Ruiz passed the tryout, and on Wednesday , he’s going back to take the field as a Balldude when the Giants face the St. Louis Cardinals.

Ruiz, 51, a lifelong Tracy resident and local financial planner, coaches children in the Junior Giants program in Tracy and was chosen for the position at the Giants’ May 30 Balldude Camp.

“It was a Norman Rockwell kind of day,” Ruiz said of the camp, where he 31 other Balldude and Balldudette candidates took turns in the batting cage and on the field, both infield and outfield.

The camp was their chance to show if they had the skills to snag foul balls during the Giants’ regular-season home games — and the personality to interact with fans, especially kids.

Ruiz said every moment on the field was memorable, including a view of the stands as he fielded flies or stood on the base paths where Giants players and their rivals compete.

“When I got to field ground balls, I was at shortstop and realized that there were so many famous players who had run these paths,” Ruiz said. “I was like a kid in a candy store.”

At the end of the camp, the Giants handed out “Slugger” and “Gamer” awards and named two Balldude Camp winners, including Ruiz.

On Wednesday, he will take his place seated in foul territory along the first-base line. The Giants provided tickets to the game for his wife, Sandy, and three children, Alfred, 8, Emily, 6, and Andrea, 3, who will be in the stands nearby.

Bill Mauldin, development and health coordinator with the Giants Community Fund and organizer of the Balldude Camp, said Ruiz will be one of two Balldudes at the July 2 game, and there is a chance that the Giants could call him again in the future if there’s an opening among the 20 or so regular Balldudes that work the home games.

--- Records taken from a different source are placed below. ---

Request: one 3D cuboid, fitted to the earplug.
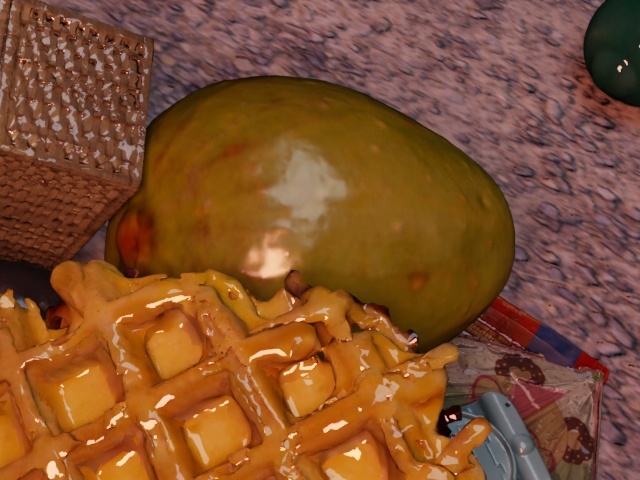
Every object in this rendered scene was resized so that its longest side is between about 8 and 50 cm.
[{"bbox_3d":[0.420,-0.209,1.492,0.280,0.164,0.257,-30,102,-27],"label":"earplug"}]

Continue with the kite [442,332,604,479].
[{"bbox_3d":[0.139,0.162,1.090,0.268,0.013,0.323,-25,64,-31],"label":"kite"}]

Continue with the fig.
[{"bbox_3d":[0.000,0.000,1.023,0.326,0.258,0.258,-6,52,-27],"label":"fig"}]

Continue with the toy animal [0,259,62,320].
[{"bbox_3d":[-0.325,0.040,0.911,0.343,0.106,0.168,30,85,-7],"label":"toy animal"}]

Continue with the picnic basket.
[{"bbox_3d":[-0.234,-0.077,0.988,0.154,0.196,0.134,14,63,-26],"label":"picnic basket"}]

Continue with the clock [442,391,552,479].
[{"bbox_3d":[0.100,0.181,1.025,0.147,0.045,0.108,-10,56,-24],"label":"clock"}]

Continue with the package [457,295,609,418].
[{"bbox_3d":[0.162,0.085,1.177,0.200,0.022,0.083,36,48,8],"label":"package"}]

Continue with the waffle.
[{"bbox_3d":[-0.093,0.190,0.772,0.382,0.095,0.379,9,74,17],"label":"waffle"}]

The Giants started the Balldude-Balldudette program more than 20 years ago, when the team played in Candlestick Park. The team selected fans to put on a glove and a Giants uniform, field foul balls and then hand the balls to children in the stands.

Ruiz is going on his third year as a coach with the local Junior Giants, a non-competitive league for boys and girls. He joined the program to share his love of baseball with his son. This year, his daughter Emily will get involved, too.

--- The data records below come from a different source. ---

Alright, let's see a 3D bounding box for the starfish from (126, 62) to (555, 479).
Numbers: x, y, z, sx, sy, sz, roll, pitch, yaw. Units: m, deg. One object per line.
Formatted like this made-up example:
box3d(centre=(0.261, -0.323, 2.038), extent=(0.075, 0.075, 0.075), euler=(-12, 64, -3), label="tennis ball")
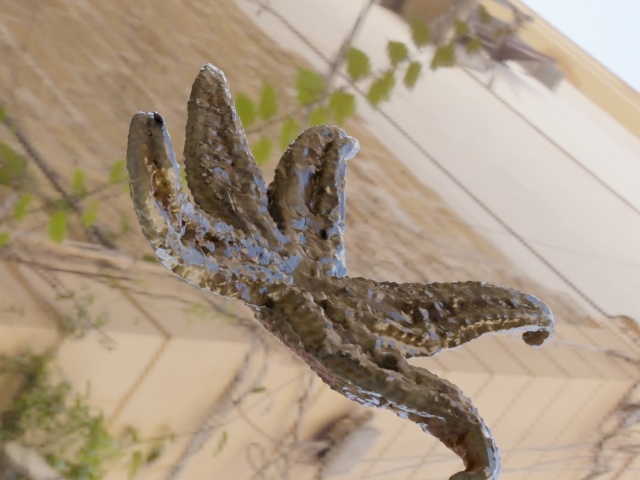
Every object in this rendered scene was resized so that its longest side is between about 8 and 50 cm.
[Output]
box3d(centre=(-0.008, 0.007, 0.898), extent=(0.094, 0.327, 0.375), euler=(-50, -121, 18), label="starfish")
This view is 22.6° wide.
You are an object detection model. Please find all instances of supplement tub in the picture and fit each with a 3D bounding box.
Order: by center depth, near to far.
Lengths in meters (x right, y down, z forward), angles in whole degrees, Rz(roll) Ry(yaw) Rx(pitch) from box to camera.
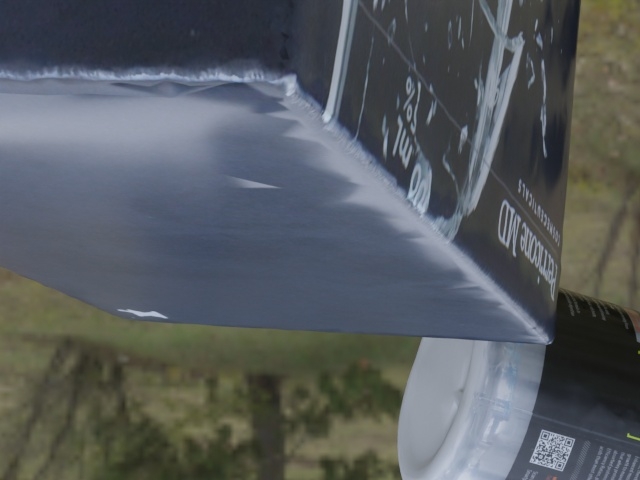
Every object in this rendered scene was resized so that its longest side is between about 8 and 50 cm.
[{"bbox_3d":[0.252,0.161,1.350,0.338,0.207,0.207,17,157,-11],"label":"supplement tub"}]

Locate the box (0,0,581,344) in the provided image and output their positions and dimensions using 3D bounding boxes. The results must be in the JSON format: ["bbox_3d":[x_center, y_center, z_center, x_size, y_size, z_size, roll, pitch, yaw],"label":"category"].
[{"bbox_3d":[-0.047,-0.223,0.788,0.298,0.471,0.480,3,168,20],"label":"box"}]
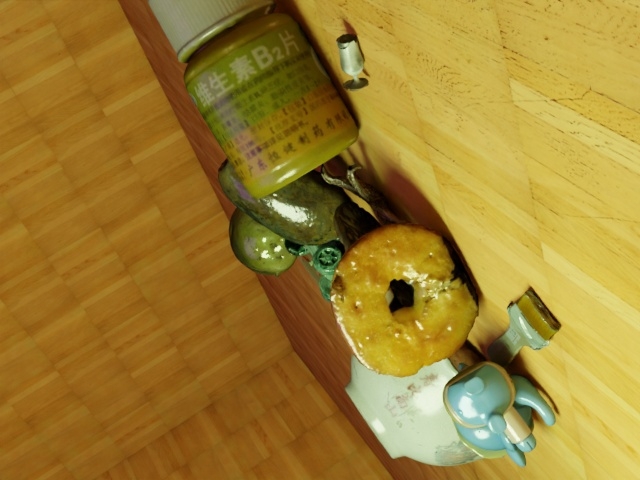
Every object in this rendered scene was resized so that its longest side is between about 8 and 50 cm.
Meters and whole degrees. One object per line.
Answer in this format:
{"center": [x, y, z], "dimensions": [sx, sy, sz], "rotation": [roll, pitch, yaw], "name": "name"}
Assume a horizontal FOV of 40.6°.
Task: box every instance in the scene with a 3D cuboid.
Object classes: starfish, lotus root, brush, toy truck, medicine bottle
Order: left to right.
{"center": [-0.116, -0.285, 1.476], "dimensions": [0.384, 0.224, 0.224], "rotation": [60, 169, -5], "name": "medicine bottle"}
{"center": [-0.067, -0.090, 1.675], "dimensions": [0.275, 0.152, 0.160], "rotation": [28, 166, -10], "name": "lotus root"}
{"center": [0.026, 0.005, 1.818], "dimensions": [0.279, 0.156, 0.155], "rotation": [52, 168, 31], "name": "toy truck"}
{"center": [0.097, -0.069, 1.585], "dimensions": [0.238, 0.057, 0.213], "rotation": [42, 180, -17], "name": "starfish"}
{"center": [0.304, 0.153, 1.350], "dimensions": [0.085, 0.020, 0.336], "rotation": [55, 169, 17], "name": "brush"}

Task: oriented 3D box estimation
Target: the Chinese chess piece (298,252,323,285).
{"center": [0.000, 0.000, 2.065], "dimensions": [0.273, 0.102, 0.273], "rotation": [55, 169, 16], "name": "Chinese chess piece"}

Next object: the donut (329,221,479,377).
{"center": [0.130, 0.093, 1.405], "dimensions": [0.253, 0.253, 0.118], "rotation": [60, 178, -7], "name": "donut"}

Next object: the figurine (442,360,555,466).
{"center": [0.288, 0.286, 1.439], "dimensions": [0.180, 0.154, 0.262], "rotation": [30, 176, 13], "name": "figurine"}

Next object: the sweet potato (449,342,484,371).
{"center": [0.281, 0.236, 1.603], "dimensions": [0.058, 0.055, 0.202], "rotation": [-48, 63, 34], "name": "sweet potato"}

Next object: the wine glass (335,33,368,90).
{"center": [0.044, -0.267, 1.296], "dimensions": [0.042, 0.039, 0.083], "rotation": [31, 151, 43], "name": "wine glass"}

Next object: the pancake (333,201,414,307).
{"center": [0.123, 0.050, 1.592], "dimensions": [0.288, 0.033, 0.286], "rotation": [42, -161, -27], "name": "pancake"}

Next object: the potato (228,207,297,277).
{"center": [-0.134, -0.002, 2.026], "dimensions": [0.197, 0.148, 0.228], "rotation": [51, 173, -30], "name": "potato"}

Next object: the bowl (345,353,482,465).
{"center": [0.179, 0.330, 1.827], "dimensions": [0.435, 0.196, 0.435], "rotation": [55, 176, 6], "name": "bowl"}

Ruiz said he was attracted not just by the program’s goal to train kids in baseball skills, but also by its emphasis on teaching teamwork, confidence and integrity.

His opportunity to get involved in the Balldude Camp was a surprise organized by his wife, who found information about it and filled out an application when she signed the kids up for this summer’s Junior Giants program in Tracy.

“It was kind of a Father’s Day present, and she surprised the heck out of me with that,” Ruiz said.

The annual Balldude camp is a benefit for the Giants Community Fund. Attendees make a $450 donation to the fund, which supports programs such as the Junior Giants.

Mauldin said he and his staff usually nominate four or five participants that stand out, but the final selection is a random choice after the name of the top nominee is picked out of a hat.

He said that he and his staff were unaware until after they made the final choice that Ruiz coaches a local Junior Giants team. He added that as soon as they announced his name they knew Ruiz was the best choice.

“It’s a tense time because everybody wants to win,” Mauldin said. “He got an ovation from everyone at the camp, which is really cool. Everybody looked at him as someone who would be a good Balldude.”